EXERCISE REQUIREMENTS: One part of the entries below is wanted: the lines from the one containing "Desired result: a" through the one containing "name: [x,y,z,sx,sy,sz,roll,pitch,yaw]". Write those out exactly and nothing else.
###
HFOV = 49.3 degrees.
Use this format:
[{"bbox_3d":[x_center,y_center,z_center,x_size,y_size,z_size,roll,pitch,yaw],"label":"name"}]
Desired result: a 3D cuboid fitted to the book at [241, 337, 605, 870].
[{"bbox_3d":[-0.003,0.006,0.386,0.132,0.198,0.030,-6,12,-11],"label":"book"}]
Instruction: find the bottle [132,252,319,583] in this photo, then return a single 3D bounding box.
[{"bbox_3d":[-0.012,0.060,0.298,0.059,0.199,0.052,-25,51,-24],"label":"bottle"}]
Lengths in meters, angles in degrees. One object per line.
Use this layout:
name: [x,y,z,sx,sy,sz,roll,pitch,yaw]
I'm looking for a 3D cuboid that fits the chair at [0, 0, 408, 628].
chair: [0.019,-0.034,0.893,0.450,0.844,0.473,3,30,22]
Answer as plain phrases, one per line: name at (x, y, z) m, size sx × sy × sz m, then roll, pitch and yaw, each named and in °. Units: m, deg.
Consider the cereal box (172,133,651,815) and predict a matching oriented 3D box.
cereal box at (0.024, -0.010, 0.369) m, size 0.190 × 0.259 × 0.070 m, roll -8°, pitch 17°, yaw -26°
###
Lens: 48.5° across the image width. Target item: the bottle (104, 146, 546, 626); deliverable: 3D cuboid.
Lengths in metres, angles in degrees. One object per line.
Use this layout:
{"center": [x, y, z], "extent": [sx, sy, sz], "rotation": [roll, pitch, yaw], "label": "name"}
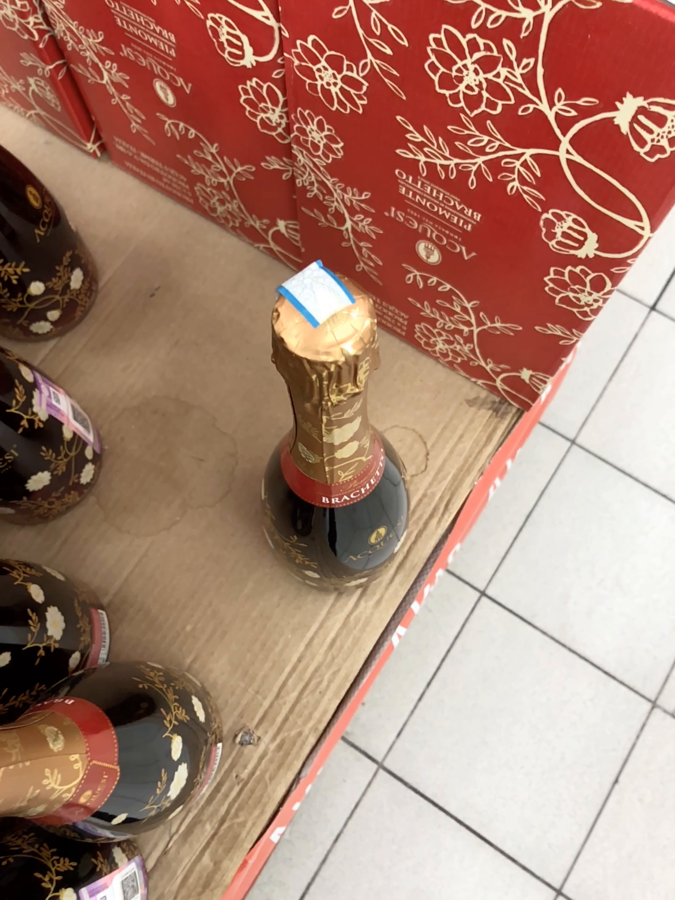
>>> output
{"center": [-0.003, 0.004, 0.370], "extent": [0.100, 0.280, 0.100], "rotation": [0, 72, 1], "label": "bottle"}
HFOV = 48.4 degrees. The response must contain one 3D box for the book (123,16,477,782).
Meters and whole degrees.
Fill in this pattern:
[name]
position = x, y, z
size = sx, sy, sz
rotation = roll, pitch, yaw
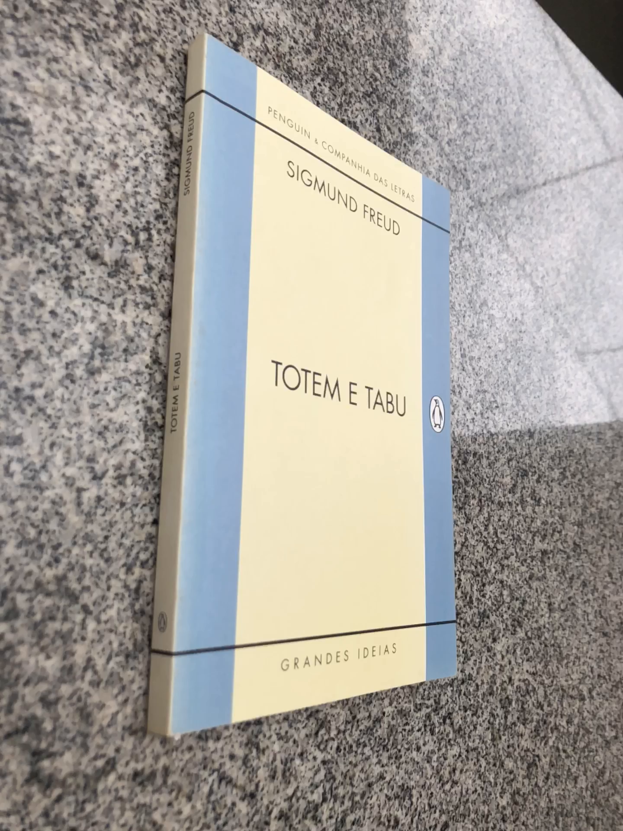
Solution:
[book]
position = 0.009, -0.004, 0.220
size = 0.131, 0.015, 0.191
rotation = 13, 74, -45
###
FINISHED TASK:
Desired result: a 3D cuboid fitted to the book at [241, 337, 605, 870].
[{"bbox_3d":[-0.003,0.006,0.386,0.132,0.198,0.030,-6,12,-11],"label":"book"}]
Instruction: find the bottle [132,252,319,583] in this photo, then return a single 3D bounding box.
[{"bbox_3d":[-0.012,0.060,0.298,0.059,0.199,0.052,-25,51,-24],"label":"bottle"}]
Lengths in meters, angles in degrees. One object per line.
Use this layout:
name: [x,y,z,sx,sy,sz,roll,pitch,yaw]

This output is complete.